The Boston Massacre was a confrontation in Boston on March 5, 1770, in which nine British soldiers shot several of a crowd of three or four hundred who were harassing them verbally and throwing various projectiles. The event was heavily publicized as "a massacre" by leading Patriots such as Paul Revere and Samuel Adams. British troops had been stationed in the Province of Massachusetts Bay since 1768 in order to support crown-appointed officials and to enforce unpopular Parliamentary legislation. Amid tense relations between the civilians and the soldiers, a mob formed around a British sentry and verbally abused him. He was eventually supported by seven additional soldiers, led by Captain Thomas Preston, who were hit by clubs, stones, and snowballs. Eventually, one soldier fired, prompting the others to fire without an order by Preston. The gunfire instantly killed three people and wounded eight others, two of whom later died of their wounds.
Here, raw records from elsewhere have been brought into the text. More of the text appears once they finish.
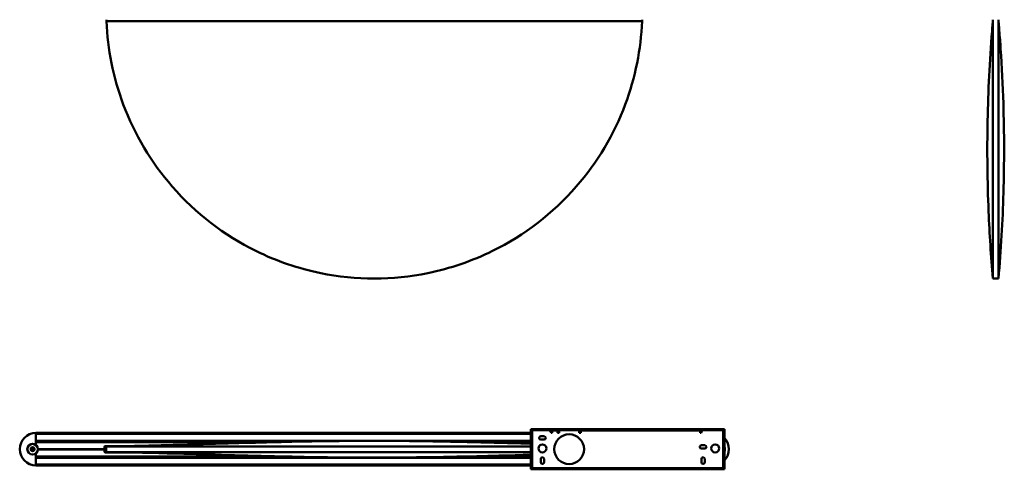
# Model space of a CAD drawing. Header units: millimetres. Extents: x 1563 to 3050, y 1036 to 2575.
# Tile 1 of 2: x 1563 to 3033, y 1036 to 1708. Entities that reach past the tile are written whole.
import ezdxf

# ---------------------------------------------------------------- set-up
doc = ezdxf.new("R2010")
doc.units = ezdxf.units.MM
doc.header["$LTSCALE"] = 10
doc.layers.add('Visibile (ISO)', color=7, linetype='Continuous', lineweight=50)

msp = doc.modelspace()

# ---------------------------------------------------------------- linework, layer by layer
at = {"layer": 'Visibile (ISO)'}
for p, q in [((3015.4, 1707.8), (3015.4, 1705.4)), ((3015.4, 1705.4), (3015.4, 1707.8)), ((3023.9, 1705.4), (3023.9, 1707.8)), ((3015.4, 1321.4), (3023.9, 1321.4)), ((1587.2, 1090.5), (1587.2, 1090.7)), ((1587.2, 1090.7), (2326, 1090.7)), ((1587.2, 1090.5), (1587.2, 1089.5)), ((1587.2, 1072.7), (1587.2, 1090.5)), ((2326, 1089.3), (1587.2, 1089.3)), ((2615, 1096.5), (2326, 1096.5)), ((2326, 1095.5), (2326, 1096.5)), ((2615, 1095.5), (2326, 1095.5)), ((2326, 1095.2), (2326, 1037.7)), ((2327, 1095.2), (2326, 1095.2)), ((2327, 1095.2), (2327, 1037.7)), ((2328, 1038), (2328, 1095)), ((2331, 1095), (2328, 1095)), ((2331, 1095), (2351.1, 1095)), ((2357.5, 1090.7), (2356, 1090.7)), ((2357.5, 1094.5), (2365.5, 1094.5)), ((2357.5, 1091.5), (2357.5, 1094.5)), ((2357.5, 1091.5), (2357.5, 1090.7)), ((2365.5, 1091.5), (2365.5, 1094.5)), ((2365.5, 1094.5), (2366.5, 1094.5)), ((2366.5, 1093), (2365.5, 1093)), ((2365.5, 1090.7), (2365.5, 1091.5)), ((2368, 1090.7), (2365.5, 1090.7)), ((2365.9, 1095), (2365.6, 1094.7)), ((2368.3, 1094.7), (2365.6, 1094.7)), ((2365.6, 1094.5), (2365.6, 1094.7)), ((2365.9, 1095), (2368.4, 1095)), ((2366.5, 1094.5), (2368.1, 1094.5)), ((2368, 1093), (2366.5, 1093)), ((2368, 1094), (2368, 1091.5)), ((2368, 1091.5), (2368, 1090.7)), ((2368.4, 1095), (2368.5, 1094.8)), ((2397, 1095), (2369, 1095)), ((2397.9, 1094.5), (2399.5, 1094.5)), ((2398, 1091.5), (2398, 1094)), ((2399.5, 1093), (2398, 1093)), ((2398, 1090.7), (2398, 1091.5)), ((2400.5, 1090.7), (2398, 1090.7)), ((2399.5, 1094.5), (2400.5, 1094.5)), ((2400.5, 1093), (2399.5, 1093)), ((2400.5, 1091.5), (2400.5, 1094.5)), ((2400.5, 1094.5), (2578.5, 1094.5)), ((2400.5, 1091.5), (2400.5, 1090.7)), ((2578.5, 1091.5), (2578.5, 1094.5)), ((2578.5, 1090.7), (2578.5, 1091.5)), ((2580, 1090.7), (2578.5, 1090.7)), ((2584.9, 1095), (2610, 1095)), ((2613, 1095), (2610, 1095)), ((2613, 1095), (2613, 1038)), ((2614, 1037.7), (2614, 1095.2)), ((2614, 1095.2), (2615, 1095.2)), ((2615, 1095.5), (2615, 1096.5)), ((2615, 1037.7), (2615, 1095.2)), ((1587.2, 1079.1), (2326, 1079.1)), ((1587.2, 1078.9), (1587.2, 1077.7)), ((1964.6, 1077.5), (1587.2, 1077.5)), ((1588.3, 1077.2), (1587.2, 1077.2)), ((1953.3, 1077.2), (1588.2, 1077.2)), ((2326, 1077.5), (2219.7, 1077.5)), ((2326, 1077.2), (2231, 1077.2)), ((2340.6, 1085.9), (2345.6, 1085.9)), ((2345.6, 1080.9), (2340.6, 1080.9)), ((1587.2, 1042.5), (1587.2, 1060.2)), ((1590.2, 1066.7), (1689.7, 1066.7)), ((1590.2, 1066.2), (1689.7, 1066.2)), ((1592.2, 1066.2), (1592.2, 1066.7)), ((1689.7, 1066.5), (1592.2, 1066.5)), ((1689.7, 1066.5), (1592.2, 1066.5)), ((1689.7, 1066.7), (1689.7, 1070.2)), ((1689.7, 1066.5), (1689.7, 1066.7)), ((1689.7, 1066.2), (1689.7, 1066.5)), ((1689.7, 1062.7), (1689.7, 1066.2)), ((1710.6, 1070.9), (1690, 1070.9)), ((1690, 1062), (1710.5, 1062)), ((1690.7, 1071.2), (1726.4, 1071.2)), ((1726.3, 1061.7), (1690.7, 1061.7)), ((1692.5, 1070.7), (1692.2, 1070.7)), ((1692.2, 1070.7), (1692.2, 1062.2)), ((1692.5, 1062.2), (1692.2, 1062.2)), ((2325.9, 1063.7), (2325.9, 1069.2)), ((2325.9, 1069.2), (2326, 1069.2)), ((2325.9, 1063.7), (2326, 1063.7)), ((2327.5, 1070.5), (2327, 1070.5)), ((2327, 1070.3), (2327.5, 1070.3)), ((2327.5, 1069.7), (2327, 1069.7)), ((2327, 1069), (2327.5, 1069)), ((2327.5, 1067.8), (2327, 1068.3)), ((2327.5, 1065.1), (2327, 1064.6)), ((2327.5, 1063.7), (2327, 1063.7)), ((2327, 1063), (2327.5, 1063)), ((2327.5, 1062.6), (2327, 1062.6)), ((2327, 1062.5), (2327.5, 1062.5)), ((2327.1, 1064.7), (2327.5, 1064.7)), ((2327.5, 1068), (2327.4, 1068)), ((2327.5, 1070.3), (2327.5, 1070.5)), ((2327.5, 1070.3), (2327.5, 1069.7)), ((2327.5, 1069), (2327.5, 1069.7)), ((2327.5, 1069), (2327.5, 1068.5)), ((2327.5, 1068.5), (2328, 1068.5)), ((2327.5, 1068.3), (2327.5, 1068)), ((2327.5, 1067.8), (2327.5, 1068)), ((2327.5, 1065.1), (2327.5, 1067.8)), ((2327.5, 1067.8), (2328, 1067.8)), ((2327.5, 1065.1), (2328, 1065.1)), ((2327.5, 1064.7), (2327.5, 1065.1)), ((2327.5, 1064.7), (2327.5, 1064.4)), ((2327.5, 1064.5), (2328, 1064.5)), ((2327.5, 1064.3), (2327.5, 1063.7)), ((2327.5, 1063), (2327.5, 1063.7)), ((2327.5, 1063), (2327.5, 1062.6)), ((2327.5, 1062.6), (2327.5, 1062.5)), ((2580.5, 1072.5), (2585.5, 1072.5)), ((2585.5, 1067.5), (2580.5, 1067.5)), ((2613.1, 1067.8), (2613, 1067.8)), ((2613.1, 1065.1), (2613, 1065.1)), ((2613.1, 1067.8), (2613.1, 1065.1)), ((2613.8, 1067.8), (2613.1, 1067.8)), ((2613.8, 1065.1), (2613.1, 1065.1)), ((2613.8, 1067.8), (2614, 1068)), ((2613.8, 1067.8), (2613.8, 1065.1)), ((2613.8, 1065.1), (2614, 1064.9)), ((2615, 1069), (2615.2, 1069.2)), ((2615, 1063.9), (2615.2, 1063.7)), ((2615.2, 1069.2), (2615.2, 1063.7)), ((2615.4, 1069.2), (2615.2, 1069.2)), ((2615.4, 1063.7), (2615.2, 1063.7)), ((2615.4, 1069.2), (2615.4, 1063.7)), ((1587.2, 1055.7), (1588.3, 1055.7)), ((1587.2, 1055.5), (1964.5, 1055.5)), ((1587.2, 1055.3), (1587.2, 1054)), ((2326, 1053.8), (1587.2, 1053.8)), ((1587.2, 1043.6), (2326, 1043.6)), ((1953.3, 1055.7), (1588.2, 1055.7)), ((2219.8, 1055.5), (2326, 1055.5)), ((2326, 1055.7), (2231, 1055.7)), ((2340.6, 1047), (2340.6, 1052)), ((2345.6, 1052), (2345.6, 1047)), ((2580.5, 1047), (2580.5, 1052)), ((2585.5, 1052), (2585.5, 1047)), ((1587.2, 1043.4), (1587.2, 1042.4)), ((1587.2, 1042.4), (1587.2, 1042.2)), ((2326, 1042.2), (1587.2, 1042.2)), ((2327, 1037.7), (2326, 1037.7)), ((2326, 1037.5), (2326, 1036.5)), ((2326, 1037.5), (2615, 1037.5)), ((2326, 1036.5), (2615, 1036.5)), ((2328, 1038), (2331, 1038)), ((2610, 1038), (2331, 1038)), ((2610, 1038), (2613, 1038)), ((2614, 1037.7), (2615, 1037.7)), ((2615, 1037.5), (2615, 1036.5))]:
    msp.add_line(p, q, dxfattribs=at)
for centre, radius in [((2383, 1066.5), 22.2), ((1582.2, 1066.5), 8), ((1582.2, 1066.5), 7.8), ((2343.1, 1067.7), 6), ((2601, 1067.7), 6), ((1582.2, 1066.5), 2.9), ((1582.2, 1066.5), 2.7), ((1582.2, 1066.5), 1.23)]:
    msp.add_circle(centre, radius, dxfattribs=at)
for centre, radius, start, end in [((2092.2, 1721.4), 400, 181.9484, 182.2924), ((2092.2, 1721.4), 400, 357.7076, 358.0516), ((1587.2, 1066.5), 24.2, 90, 270), ((2351.1, 1090), 5, 8.6269, 90), ((2369, 1094), 1, 116.7575, 180), ((2369, 1094), 1, 90, 116.7575), ((2397, 1094), 1, 63.2425, 90), ((2397, 1094), 1, 0, 63.2425), ((2584.9, 1090), 5, 90, 171.3731), ((1588.2, 1076.2), 1, 90, 180), ((2340.6, 1083.4), 2.5, 90, 270), ((2345.6, 1083.4), 2.5, 270, 90), ((2597.2, 1066.5), 24.3, 317.3986, 42.6014), ((1690.7, 1070.2), 1, 90, 180), ((1690.7, 1070), 1, 109.9484, 180), ((1690.7, 1063), 1, 180, 253.7398), ((1690.7, 1062.7), 1, 180, 270), ((2580.5, 1070), 2.5, 90, 270), ((2585.5, 1070), 2.5, 270, 90), ((1588.2, 1056.7), 1, 180, 270), ((2343.1, 1052), 2.5, 0, 180), ((2343.1, 1047), 2.5, 180, 0), ((2583, 1052), 2.5, 0, 180), ((2583, 1047), 2.5, 180, 0)]:
    msp.add_arc(centre, radius, start, end, dxfattribs=at)
for points, knots in [([(2092.2, 1321.4), (2065.3, 1321.4), (2038.5, 1324.1), (1978.7, 1336.3), (1946.2, 1347.4), (1867.9, 1386), (1825.5, 1418.6), (1759.1, 1494.8), (1734.3, 1536.3), (1710, 1601.3), (1704.1, 1622), (1695.8, 1663.7), (1693.3, 1684.5), (1692.5, 1705.4)], [61.338384, 61.338384, 61.338384, 61.338384, 69.391019, 69.391019, 79.648371, 79.648371, 95.564851, 95.564851, 109.946007, 109.946007, 116.394656, 116.394656, 122.676683, 122.676683, 122.676683, 122.676683]), ([(1692.5, 1705.4), (1693.3, 1684.5), (1695.8, 1663.7), (1704.1, 1622), (1710, 1601.3), (1734.3, 1536.3), (1759.1, 1494.8), (1825.5, 1418.6), (1867.9, 1386), (1946.2, 1347.4), (1978.7, 1336.3), (2038.5, 1324.1), (2065.3, 1321.4), (2119, 1321.4), (2145.8, 1324.1), (2205.6, 1336.3), (2238.1, 1347.4), (2316.4, 1385.9), (2358.9, 1418.6), (2425.2, 1494.8), (2450, 1536.3), (2474.3, 1601.3), (2480.2, 1622), (2488.5, 1663.7), (2491, 1684.5), (2491.8, 1705.4)], [0.000082, 0.000082, 0.000082, 0.000082, 6.282118, 6.282118, 12.730779, 12.730779, 27.111959, 27.111959, 43.028466, 43.028466, 53.285836, 53.285836, 61.338484, 61.338484, 69.391108, 69.391108, 79.647764, 79.647764, 95.564394, 95.564394, 109.945509, 109.945509, 116.394496, 116.394496, 122.676891, 122.676891, 122.676891, 122.676891]), ([(2491.8, 1705.4), (2486.5, 1705.4), (2481.1, 1705.4), (2475.8, 1705.4), (2458.2, 1705.4), (2440.1, 1705.4), (2422.4, 1705.4), (2408.2, 1705.4), (2394.2, 1705.4), (2380.1, 1705.4), (2356.7, 1705.4), (2333.1, 1705.4), (2309.6, 1705.4), (2301.1, 1705.4), (2292.5, 1705.4), (2283.9, 1705.4), (2252, 1705.4), (2220.1, 1705.4), (2188.1, 1705.4), (2176.6, 1705.4), (2165, 1705.4), (2153.5, 1705.4), (2133.1, 1705.4), (2112.6, 1705.4), (2092.2, 1705.4), (2078, 1705.4), (2063.9, 1705.4), (2049.8, 1705.4), (2031.9, 1705.4), (2014.1, 1705.4), (1996.2, 1705.4), (1971.8, 1705.4), (1947.5, 1705.4), (1923.1, 1705.4), (1915.5, 1705.4), (1907.9, 1705.4), (1900.4, 1705.4), (1868.3, 1705.4), (1836.2, 1705.4), (1804.3, 1705.4), (1796.8, 1705.4), (1789.4, 1705.4), (1781.9, 1705.4), (1757.5, 1705.4), (1732.8, 1705.4), (1708.5, 1705.4), (1704.7, 1705.4), (1700.9, 1705.4), (1697, 1705.4), (1695.5, 1705.4), (1694, 1705.4), (1692.5, 1705.4)], [-799.359744, -799.359744, -799.359744, -799.359744, -783.205436, -783.205436, -783.205436, -729.882791, -729.882791, -729.882791, -687.488382, -687.488382, -687.488382, -617.153202, -617.153202, -617.153202, -591.477205, -591.477205, -591.477205, -495.626678, -495.626678, -495.626678, -461.026207, -461.026207, -461.026207, -399.681335, -399.681335, -399.681335, -357.30076, -357.30076, -357.30076, -303.754991, -303.754991, -303.754991, -230.607871, -230.607871, -230.607871, -207.897559, -207.897559, -207.897559, -111.805696, -111.805696, -111.805696, -89.433848, -89.433848, -89.433848, -16.102118, -16.102118, -16.102118, -4.563043, -4.563043, -4.563043, -0.000184, -0.000184, -0.000184, -0.000184]), ([(3015.4, 1321.4), (3012.6, 1354.6), (3010.5, 1387.9), (3007.2, 1466.4), (3006.7, 1511.7), (3008.5, 1601.5), (3010.7, 1646.1), (3014.4, 1693), (3014.6, 1695.5), (3014.9, 1699.2), (3015, 1700.5), (3015.2, 1702.3), (3015.2, 1702.9), (3015.3, 1703.9), (3015.3, 1704.2), (3015.4, 1704.7), (3015.4, 1704.8), (3015.4, 1705.1), (3015.4, 1705.3), (3015.4, 1705.4)], [0, 0, 0, 0, 10.002249, 10.002249, 23.569506, 23.569506, 36.947904, 36.947904, 37.695468, 37.695468, 38.069334, 38.069334, 38.256499, 38.256499, 38.350572, 38.350572, 38.398268, 38.398268, 38.447294, 38.447294, 38.447294, 38.447294]), ([(3015.4, 1705.4), (3015.4, 1705.4), (3015.4, 1705.4), (3015.4, 1705.4), (3015.4, 1705.4), (3015.4, 1705.4), (3015.4, 1705.4), (3015.4, 1705.4), (3015.4, 1705.4), (3015.4, 1705.4), (3015.4, 1705.4), (3015.4, 1705.4), (3015.4, 1705.4), (3015.4, 1705.4), (3015.4, 1705.4), (3015.4, 1705.4), (3015.4, 1705.4), (3015.4, 1705.4), (3015.4, 1705.4)], [-646.116856, -646.116856, -646.116856, -646.116856, -617.200734, -617.200734, -617.200734, -591.474699, -591.474699, -591.474699, -495.624186, -495.624186, -495.624186, -461.003131, -461.003131, -461.003131, -399.678687, -399.678687, -399.678687, -399.206921, -399.206921, -399.206921, -399.206921]), ([(3015.4, 1705.4), (3015.4, 1705.4), (3015.4, 1705.4), (3015.4, 1705.4), (3015.4, 1705.4), (3015.4, 1705.4), (3015.4, 1705.4), (3015.4, 1705.4), (3015.4, 1705.4), (3015.4, 1705.4), (3015.4, 1705.4), (3015.4, 1705.4), (3015.4, 1705.4), (3015.4, 1705.4), (3015.4, 1705.4), (3015.4, 1705.4), (3015.4, 1705.4), (3015.4, 1705.4), (3015.4, 1705.4), (3015.4, 1705.4), (3015.4, 1705.4), (3015.4, 1705.4)], [-265.50206, -265.50206, -265.50206, -265.50206, -230.582777, -230.582777, -230.582777, -207.895024, -207.895024, -207.895024, -111.803228, -111.803228, -111.803228, -89.409604, -89.409604, -89.409604, -16.098218, -16.098218, -16.098218, -4.555017, -4.555017, -4.555017, 0, 0, 0, 0]), ([(3015.4, 1321.4), (3015.4, 1321.4), (3015.4, 1321.4), (3015.4, 1321.4), (3015.4, 1324.1), (3015.4, 1336.3), (3015.4, 1347.4), (3015.4, 1386), (3015.4, 1418.6), (3015.4, 1494.8), (3015.4, 1536.3), (3015.4, 1601.3), (3015.4, 1622), (3015.4, 1663.7), (3015.4, 1684.5), (3015.4, 1705.4)], [61.337879, 61.337879, 61.337879, 61.337879, 61.338384, 61.338384, 69.391019, 69.391019, 79.648371, 79.648371, 95.564851, 95.564851, 109.946007, 109.946007, 116.394656, 116.394656, 122.676683, 122.676683, 122.676683, 122.676683]), ([(3023.9, 1705.4), (3024, 1684.5), (3023.9, 1663.7), (3023.9, 1622), (3023.9, 1601.3), (3023.9, 1536.3), (3023.9, 1494.8), (3023.9, 1418.6), (3023.9, 1386), (3023.9, 1347.4), (3023.9, 1336.3), (3023.9, 1324.1), (3023.9, 1321.4), (3023.9, 1321.4)], [0.000082, 0.000082, 0.000082, 0.000082, 6.282118, 6.282118, 12.730779, 12.730779, 27.111959, 27.111959, 43.028466, 43.028466, 53.285836, 53.285836, 61.338481, 61.338481, 61.338481, 61.338481]), ([(3023.9, 1705.4), (3023.9, 1705.4), (3023.9, 1705.4), (3023.9, 1705.4), (3023.9, 1705.4), (3023.9, 1705.4), (3023.9, 1705.4), (3023.9, 1705.4), (3023.9, 1705.4), (3023.9, 1705.4)], [-399.218987, -399.218987, -399.218987, -399.218987, -357.30076, -357.30076, -357.30076, -303.754991, -303.754991, -303.754991, -234.014732, -234.014732, -234.014732, -234.014732]), ([(3023.9, 1705.4), (3024, 1705.3), (3024, 1705.2), (3024, 1705), (3024, 1704.8), (3024, 1704.4), (3024.1, 1704), (3024.2, 1702.7), (3024.3, 1701.7), (3024.6, 1697.7), (3024.8, 1694.6), (3025.8, 1682.6), (3026.5, 1673.5), (3028.9, 1637.3), (3030.3, 1610.1), (3032.5, 1538.5), (3032.5, 1493.9), (3030.1, 1406.8), (3027.6, 1364), (3023.9, 1321.4)], [0, 0, 0, 0, 0.033523, 0.033523, 0.078085, 0.078085, 0.179092, 0.179092, 0.481696, 0.481696, 1.389109, 1.389109, 4.111321, 4.111321, 12.279201, 12.279201, 25.619506, 25.619506, 38.447897, 38.447897, 38.447897, 38.447897]), ([(2327.5, 1094.5), (2327.3, 1094.7), (2327.1, 1095), (2327, 1095.1), (2327, 1095.2), (2327, 1095.2), (2327, 1095.2)], [0.3379836, 0.3379836, 0.3379836, 0.3379836, 0.8433091, 0.8433091, 0.8433091, 1, 1, 1, 1]), ([(2327.1, 1095), (2327.2, 1094.9), (2327.4, 1094.8), (2327.5, 1094.8), (2327.7, 1094.7), (2327.8, 1094.6), (2328, 1094.5)], [0.617238, 0.617238, 0.617238, 0.617238, 0.7915777, 0.7915777, 0.7915777, 1, 1, 1, 1]), ([(2614.3, 1095.2), (2614.5, 1095.3), (2614.7, 1095.4), (2614.8, 1095.4), (2614.9, 1095.5), (2615, 1095.5), (2615, 1095.5)], [0.5622255, 0.5622255, 0.5622255, 0.5622255, 0.8674926, 0.8674926, 0.8674926, 1, 1, 1, 1]), ([(1692.9, 1070.7), (1695.6, 1070.7), (1700.2, 1070.8), (1711.7, 1070.9), (1717.7, 1071), (1732.7, 1071.3), (1741.9, 1071.5), (1761.3, 1072), (1771.3, 1072.3), (1795.3, 1072.9), (1809.7, 1073.3), (1840.6, 1074.2), (1857.2, 1074.7), (1895.5, 1075.7), (1917.4, 1076.3), (1965.7, 1077.5), (1992.4, 1078.1), (2046.3, 1078.8), (2073.6, 1079), (2124.2, 1078.9), (2147.6, 1078.7), (2194.4, 1078), (2217.9, 1077.5), (2268.1, 1076.3), (2294.6, 1075.6), (2322.4, 1074.8), (2324.2, 1074.7), (2326, 1074.7)], [0, 0, 0, 0, 3.957282, 3.957282, 7.279415, 7.279415, 11.041335, 11.041335, 14.610081, 14.610081, 19.371205, 19.371205, 24.629078, 24.629078, 31.38947, 31.38947, 39.477987, 39.477987, 47.667715, 47.667715, 54.663114, 54.663114, 61.826491, 61.826491, 70.03468, 70.03468, 70.597701, 70.597701, 70.597701, 70.597701]), ([(1692.5, 1070.7), (1693.3, 1070.7), (1695.8, 1070.7), (1704.1, 1070.7), (1710, 1070.7), (1734.3, 1070.7), (1759.1, 1070.7), (1825.5, 1070.7), (1867.9, 1070.7), (1946.2, 1070.7), (1978.7, 1070.7), (2038.5, 1070.7), (2065.3, 1070.7), (2119, 1070.7), (2145.8, 1070.7), (2205.6, 1070.7), (2238.1, 1070.7), (2288.8, 1070.7), (2308, 1070.7), (2326, 1070.7)], [0.00008, 0.00008, 0.00008, 0.00008, 6.282465, 6.282465, 12.731441, 12.731441, 27.112531, 27.112531, 43.029134, 43.029134, 53.285774, 53.285774, 61.338384, 61.338384, 69.391019, 69.391019, 79.648371, 79.648371, 86.351137, 86.351137, 86.351137, 86.351137]), ([(2326, 1062.2), (2308, 1062.2), (2288.8, 1062.2), (2238.1, 1062.2), (2205.6, 1062.2), (2145.8, 1062.2), (2119, 1062.2), (2065.3, 1062.2), (2038.5, 1062.2), (1978.7, 1062.2), (1946.2, 1062.2), (1867.9, 1062.2), (1825.5, 1062.2), (1759.1, 1062.2), (1734.3, 1062.2), (1710, 1062.2), (1704.1, 1062.2), (1695.8, 1062.2), (1693.3, 1062.2), (1692.5, 1062.2)], [36.325689, 36.325689, 36.325689, 36.325689, 43.028496, 43.028496, 53.285857, 53.285857, 61.338502, 61.338502, 69.391129, 69.391129, 79.647795, 79.647795, 95.564425, 95.564425, 109.945541, 109.945541, 116.394512, 116.394512, 122.676891, 122.676891, 122.676891, 122.676891]), ([(1710.5, 1062), (1705.1, 1062.1), (1700.3, 1062.2), (1695.4, 1062.2), (1694, 1062.2), (1692.9, 1062.2)], [88.789845, 88.789845, 88.789845, 88.789845, 91.976392, 91.976392, 93.54866, 93.54866, 93.54866, 93.54866]), ([(2326, 1058.2), (2320.9, 1058.1), (2315.7, 1057.9), (2289, 1057.2), (2267.2, 1056.6), (2218.9, 1055.4), (2192.2, 1054.9), (2138.3, 1054.1), (2111, 1053.9), (2060.3, 1054), (2037, 1054.2), (1990.2, 1054.9), (1966.6, 1055.4), (1916.5, 1056.6), (1890, 1057.3), (1838.5, 1058.8), (1813.3, 1059.5), (1772.3, 1060.6), (1755.4, 1061.1), (1729.8, 1061.7), (1720.1, 1061.9), (1706.2, 1062.1), (1700.7, 1062.2), (1695.4, 1062.2), (1694, 1062.2), (1692.9, 1062.2)], [22.986699, 22.986699, 22.986699, 22.986699, 24.609368, 24.609368, 31.358554, 31.358554, 39.447615, 39.447615, 47.641903, 47.641903, 54.640449, 54.640449, 61.800381, 61.800381, 70.004669, 70.004669, 78.034076, 78.034076, 83.964939, 83.964939, 88.422287, 88.422287, 91.962921, 91.962921, 93.571519, 93.571519, 93.571519, 93.571519]), ([(2326.7, 1037.7), (2326.5, 1037.6), (2326.3, 1037.5), (2326.2, 1037.5), (2326.1, 1037.5), (2326.1, 1037.5), (2326, 1037.5)], [0.5622255, 0.5622255, 0.5622255, 0.5622255, 0.8674926, 0.8674926, 0.8674926, 1, 1, 1, 1]), ([(2613.9, 1037.9), (2613.7, 1038), (2613.5, 1038.1), (2613.3, 1038.3), (2613.2, 1038.3), (2613.1, 1038.4), (2613, 1038.5)], [0.6250012, 0.6250012, 0.6250012, 0.6250012, 0.8674926, 0.8674926, 0.8674926, 1, 1, 1, 1]), ([(2613.5, 1038.5), (2613.7, 1038.2), (2613.9, 1037.9), (2614, 1037.8), (2614, 1037.8), (2614, 1037.7), (2614, 1037.7)], [0.3379836, 0.3379836, 0.3379836, 0.3379836, 0.8433091, 0.8433091, 0.8433091, 1, 1, 1, 1])]:
    msp.add_open_spline(points, degree=3, knots=knots, dxfattribs=at)
for points in [[(2326, 1095.5), (2326.2, 1095.5), (2326.4, 1095.4), (2326.7, 1095.2)], [(2327.5, 1094.5), (2327.7, 1094.3), (2327.8, 1094.1), (2328, 1093.9)], [(2613, 1094.5), (2613.3, 1094.6), (2613.6, 1094.8), (2613.9, 1095)], [(2613, 1093.9), (2613.2, 1094.1), (2613.3, 1094.3), (2613.5, 1094.5)], [(2614, 1095.2), (2614, 1095.1), (2613.8, 1094.8), (2613.5, 1094.5)], [(2327, 1037.7), (2327, 1037.8), (2327.2, 1038.1), (2327.5, 1038.5)], [(2328, 1038.5), (2327.7, 1038.3), (2327.4, 1038.1), (2327.1, 1037.9)], [(2328, 1039.1), (2327.8, 1038.9), (2327.7, 1038.6), (2327.5, 1038.5)], [(2613.5, 1038.5), (2613.3, 1038.6), (2613.2, 1038.9), (2613, 1039.1)], [(2615, 1037.5), (2614.8, 1037.5), (2614.6, 1037.6), (2614.3, 1037.7)]]:
    msp.add_open_spline(points, degree=3, dxfattribs=at)

doc.saveas('drawing.dxf')

Depictions, reports, and propaganda about the event heightened tensions throughout the Thirteen Colonies, notably the colored engraving produced by Paul Revere which you can see below.

David McCullough on John Adams and the British soldiers arrested and accused of murder:

"Samuel Adams was quick to call the killings a 'bloody butchery' and to distribute a print published by Paul Revere vividly portraying the scene as a slaughter of the innocent, an image of British tyranny, the Boston Massacre, that would become fixed in the public mind. The following day thirty-four-year-old John Adams was asked to defend the soldiers and their captain, when they came to trial. No one else would take the case, he was informed. . . .Adams accepted, firm in the belief, as he said, that no man in a free country should be denied the right to counsel and a fair trial, and convinced, on principle, that the case was of utmost importance. As a lawyer, his duty was clear. That he would be hazarding his hard-earned reputation and, in his words, 'incurring a clamor and popular suspicions and prejudices' against him, was obvious, and if some of what he later said on the subject would sound a little self-righteous, he was also being entirely honest. Only the year before, in 1769, Adams had defended four American sailors charged with killing a British naval officer who had boarded their ship with a press gang to grab them for the British navy. The sailors were acquitted on grounds of acting in self-defense, but public opinion had been vehement against the heinous practice of impressment. Adams had been in step with the popular outrage, exactly as he was out of step now. He worried for Abigail, who was pregnant again, and feared he was risking his family’s safety as well as his own, such was the state of emotions in Boston."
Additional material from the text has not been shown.